Andersson Ortiz

Personal information
- Full name: Andersson Edgar Josué Ortiz Falla
- Date of birth: 7 November 2001 (age 24)
- Place of birth: San Cristóbal Acasaguastlán, Guatemala
- Height: 1.80 m (5 ft 11 in)
- Position: Winger

Team information
- Current team: Comunicaciones
- Number: 11

Senior career*
- Years: Team / Apps / (Gls)
- 2017–2018: Jicaro
- 2019–2023: Guastatoya / 83 / (13)
- 2023–: Comunicaciones / 15 / (0)

International career
- 2023: Guatemala U23 / 3 / (2)

= Andersson Ortiz =

Guatemalan footballer (born 2001)

Andersson Edgar Josué Ortiz Falla (born 7 November 2001) is a Guatemalan professional footballer who plays as a winger for Liga Guate club Comunicaciones.

==Early life==
Ortiz was born on 7 October 2001 in San Cristóbal Acasaguastlán.

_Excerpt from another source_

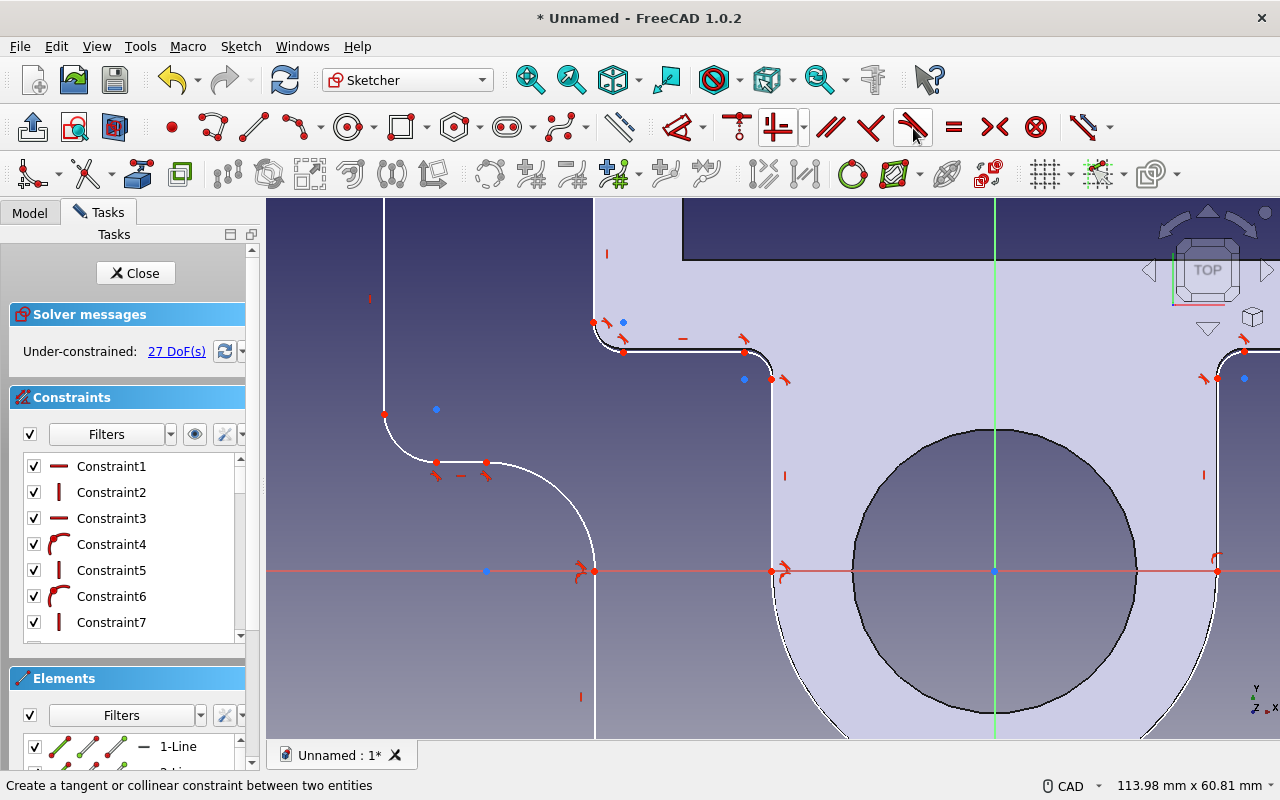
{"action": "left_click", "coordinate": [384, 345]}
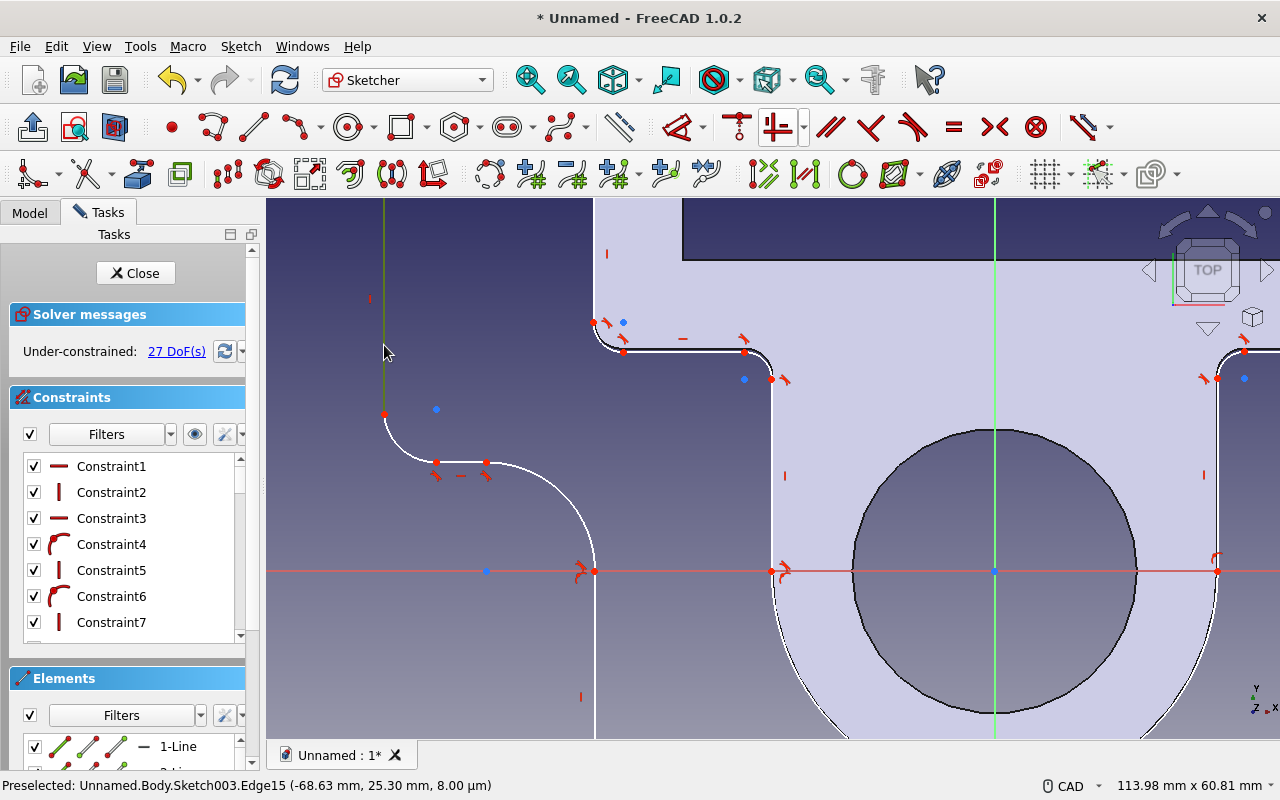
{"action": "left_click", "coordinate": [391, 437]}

Growing up, he was heavily influenced and inspired by Neymar, his footballing idol.

==Club career==
===Guastatoya===
On 7 October 2020, due to Ortiz' performances for Guastatoya, he had gained interest from several clubs in Costa Rica and Uruguay. A week later, Ortiz would score his first goal for the club in a 2–1 win against Sanarate.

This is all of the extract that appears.